Four weeks to due date! Getting there!
Of course, I'm a complete and total wreck, which at least this time around I knew would be the case. What I posted to Facebook the other day:
30 days to due date!
...and I'm having a tough time.
Last
pregnancy at this time I had to deal with both Darcy's death and the TOTAL PACK
OF LIES that women are sold about pregnancy: that it's the strongest, sexiest,
most existence-validating, time of your life. This time at least I knew to
expect the enormous physical discomfort/pain, the peeing every 15 minutes, the
inability to sleep AT ALL, the throwing up from heartburn, the explosion of
anxiety and hormonal madness. At least I'm not beating myself up for not
wanting to take 10-mile hikes or pose for professional glamour photos.
But this time I'm parenting a toddler.
And Bingley had a seizure a few weeks ago - all his blood tests came back fine and it hasn't happened again, but of course the thought that my remaining dog might be sick is one I can hardly stand.
And the diabetes thing, with the accompanying need to police my eating and deny myself foods I want, is beyond triggering and miserable. It's so hard to feel like the competent, patient, organized adult that I absolutely need to be right now at work and as a mother, when food and the scale are the enemies again just as much as when I was seventeen. (And no, telling myself "it's for the baby" doesn't help, because narratives of maternal martyrdom make me itch.)
I forgot to add that last time the political situation was not like this. The energy reserves that are tapped by being frightened every moment of every day would drain me even if I was not pregnant, not parenting, and able to eat a damn carbohydrate now and then. As it is, I always feel like I have more or less just satiated a vampire (ha! joke's on him! I'm anemic!). It is the worst.

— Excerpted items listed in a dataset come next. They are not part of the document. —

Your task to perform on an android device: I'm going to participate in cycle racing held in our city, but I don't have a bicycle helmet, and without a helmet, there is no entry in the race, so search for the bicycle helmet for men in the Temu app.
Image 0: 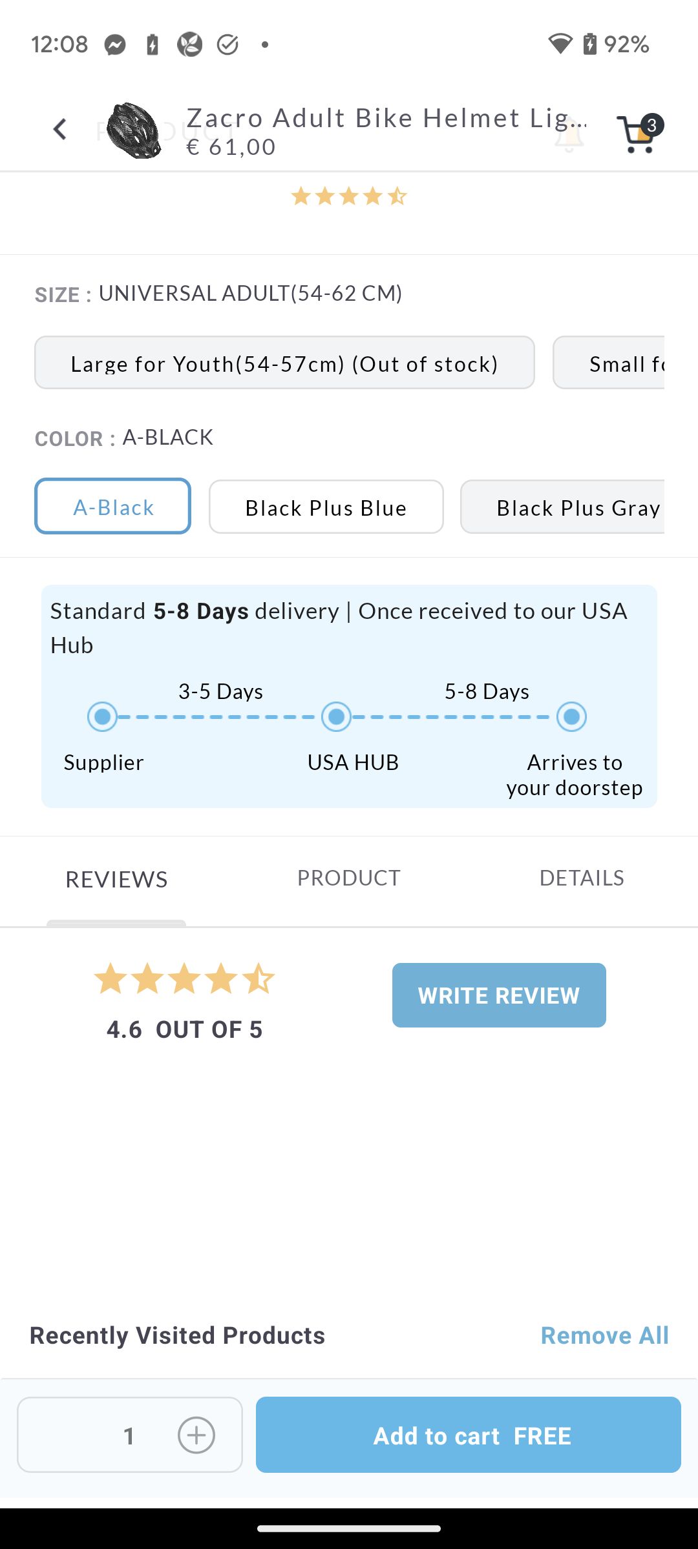
Open the Temu app.
Step 0: open app "Temu"
Image 1: 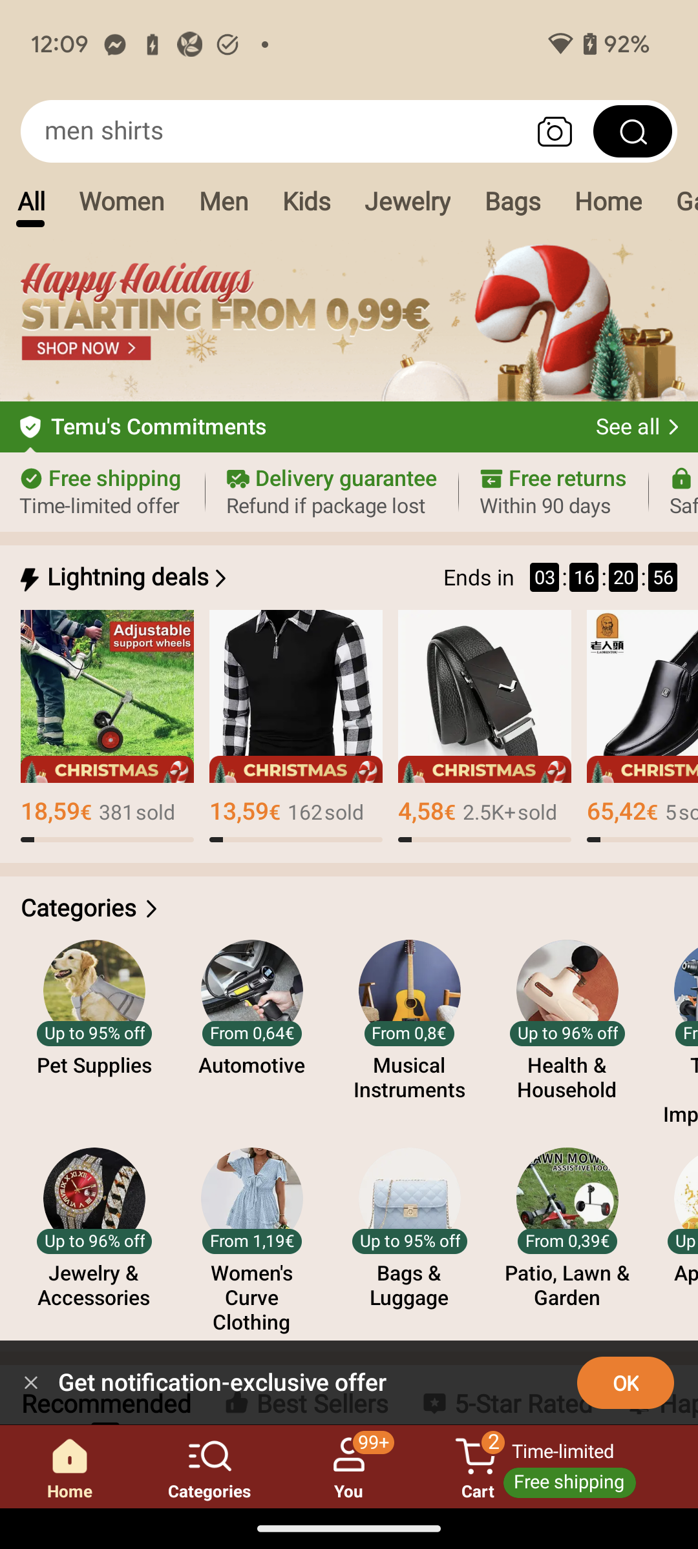
Click on the search bar at the top of the screen to search for the helmet.
Step 1: click (273, 131)
Image 2: 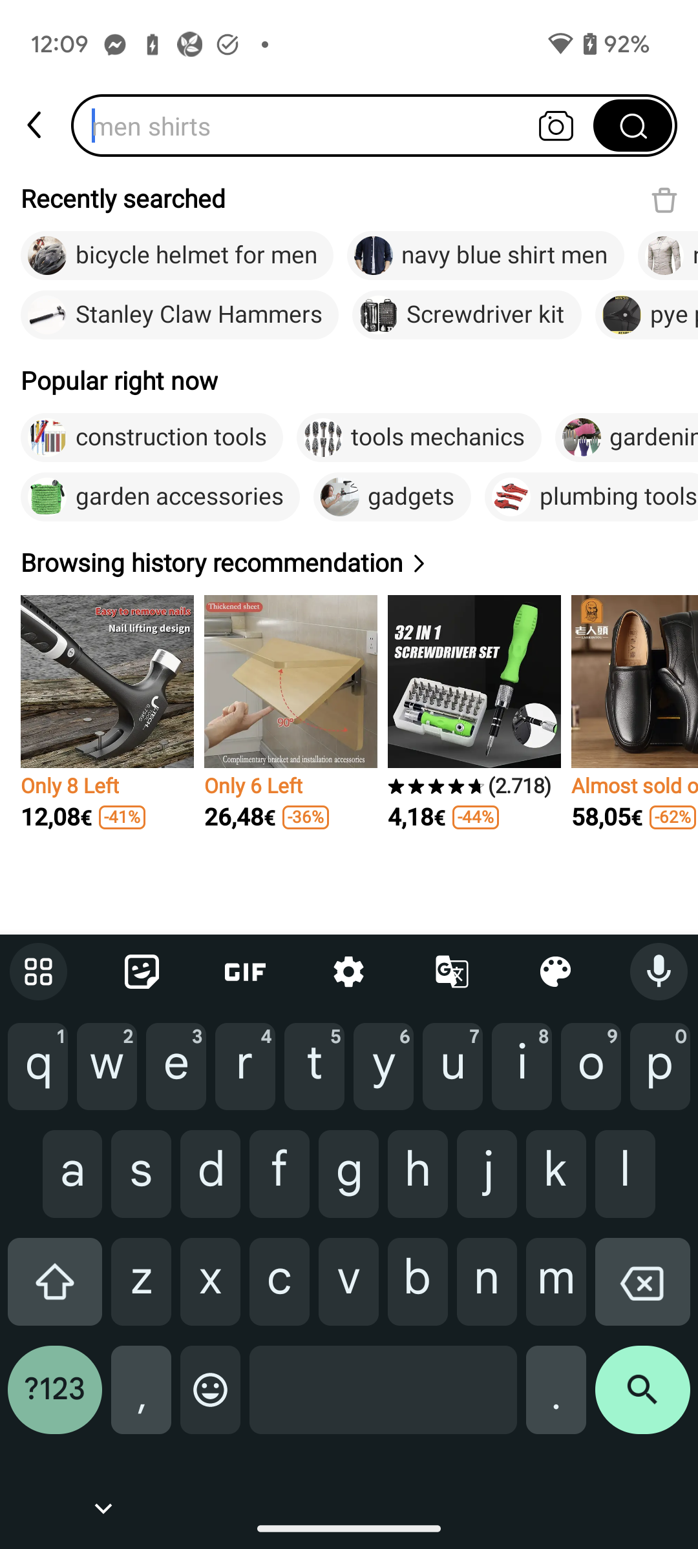
Type Bicycle Helmet for men in the search bar to search for the helmet.
Step 2: type "Bicycle helmet for men"
Image 3: 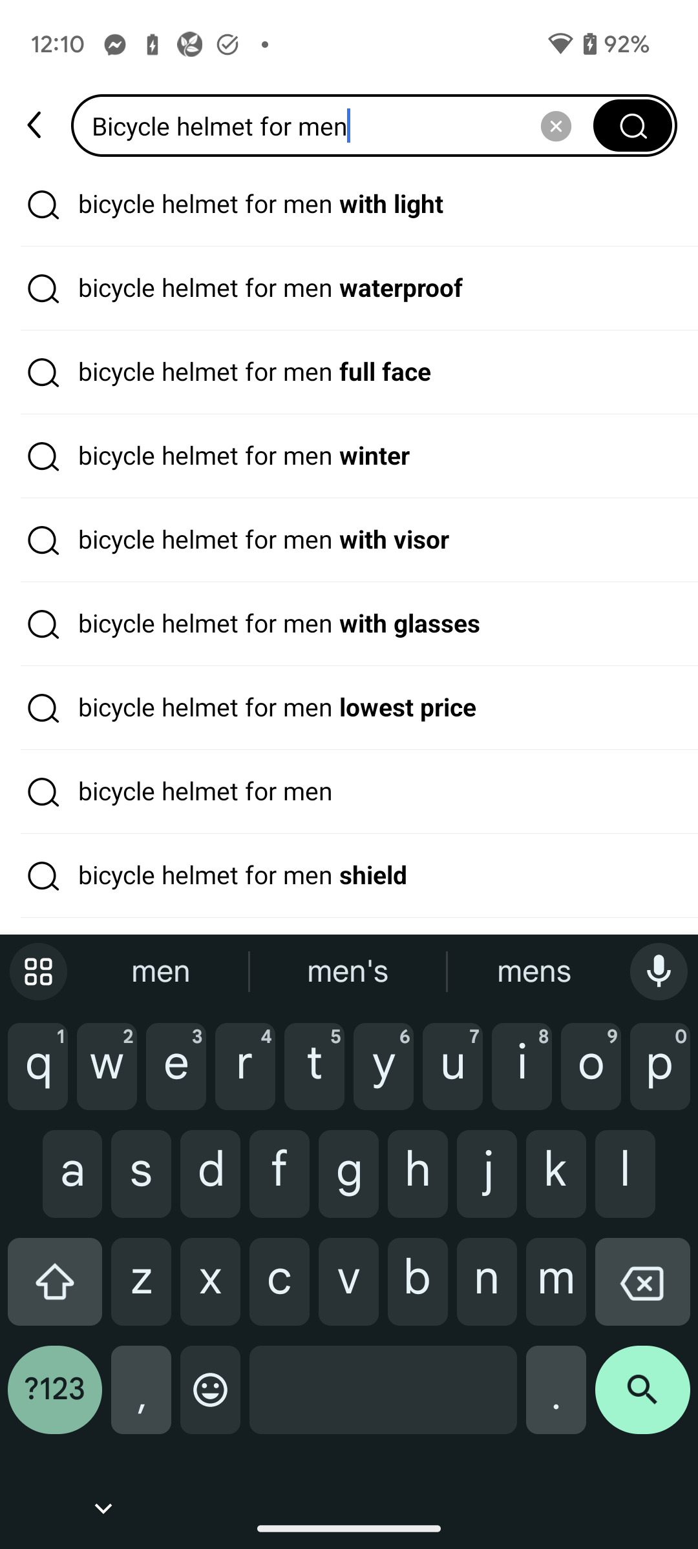
Click on the search icon at the bottom right corner of the screen to view the search result.
Step 3: click (642, 1400)

This morning I went out to the store for something I had already ordered on-line. Love pregnancy brain.
Read since last posting:
The Eagle Catcher, by Margaret Coel. Mystery set on a Wyoming Indian reservation. Not at all bad for the first in a series.
The Fallen Leaves, by Wilkie Collins. Hilarious! Victorian novel
coincidences may be my favorite thing ever: in this one a character hears about
a long-lost person who has been the object of professional searches for sixteen
years. He then goes for a walk through London and no prizes for guessing
who literally the first person he talks to turns out to be. Also there are
long digressions on socialism.
Our Man in Charleston: Britain's Secret Agent in the Civil War South, by
Christopher Dickey. A pretty good non-fiction book about a British diplomat and
his attempts to stop his country from siding with the South during the American
Civil War. Interesting, accessible, but felt somewhat non-comprehensive at
times and I can't quite put my finger on why. Maybe because the diplomat
himself disappears for long periods of the narrative?
The
Short, Strange Life of Herschel Grynszpan: A Boy Avenger, a Nazi Diplomat, and
a Murder in Paris, by Jonathan Kirsch.
Odd little book about a Jewish teenager who shot a diplomat at the German
embassy in Paris and then got caught up in the propaganda machine as the Nazis
tried to decide how to try him and how to frame the incident. There isn't much
more to the story, and Kirsch isn't always successful in making it represent
the Jewish experience as a whole, so it felt a little unsatisfying.
Circling the Sun, by Paula McLain. A fictionalization of Beryl Markham's life, complete with people telling her every other page how beautiful and "unlike any other woman in the world" she is. How do we get across to writers that we don't need that in a heroine? Petitions? Seriously, I need to know. The "A Unique Snowflake Is The Only Worthy Snowflake / Not Like Other Girls" narrative is honestly fucking toxic for female readers (especially young ones), and I am sick of it.
Dark Fire, by C.J. Sansom. Mystery set during Henry VIII's reign. Both gripping in its own right and does a really good job of bringing across how absolutely terrifying it must have been to live under an unstable dictator allowed to do whatever the hell he wanted. NOT THAT I AM SAYING THIRD-PARTY SUPPORTERS SHOULD BE LITERALLY FORCED TO READ ABOUT HENRY VIII RIGHT NOW BUT I DO NOT THINK IT IS A BAD IDEA.
The Lost Tudor Princess: The Life of Lady Margaret Douglas, by Alison Weir. Weir is SO hit-or-miss, and this was a miss: convoluted and dull. Having an author be this erratic is more frustrating than writing them off completely.
And now I think I really do have to pack the hospital bag. I've been delaying it because of course it feels like a jinx, but who knows what might happen and being unprepared is not going to make anything easier. And since we have, like, 200 size 1 diapers now thanks to my pregnancy brain, might as well pack some of them up.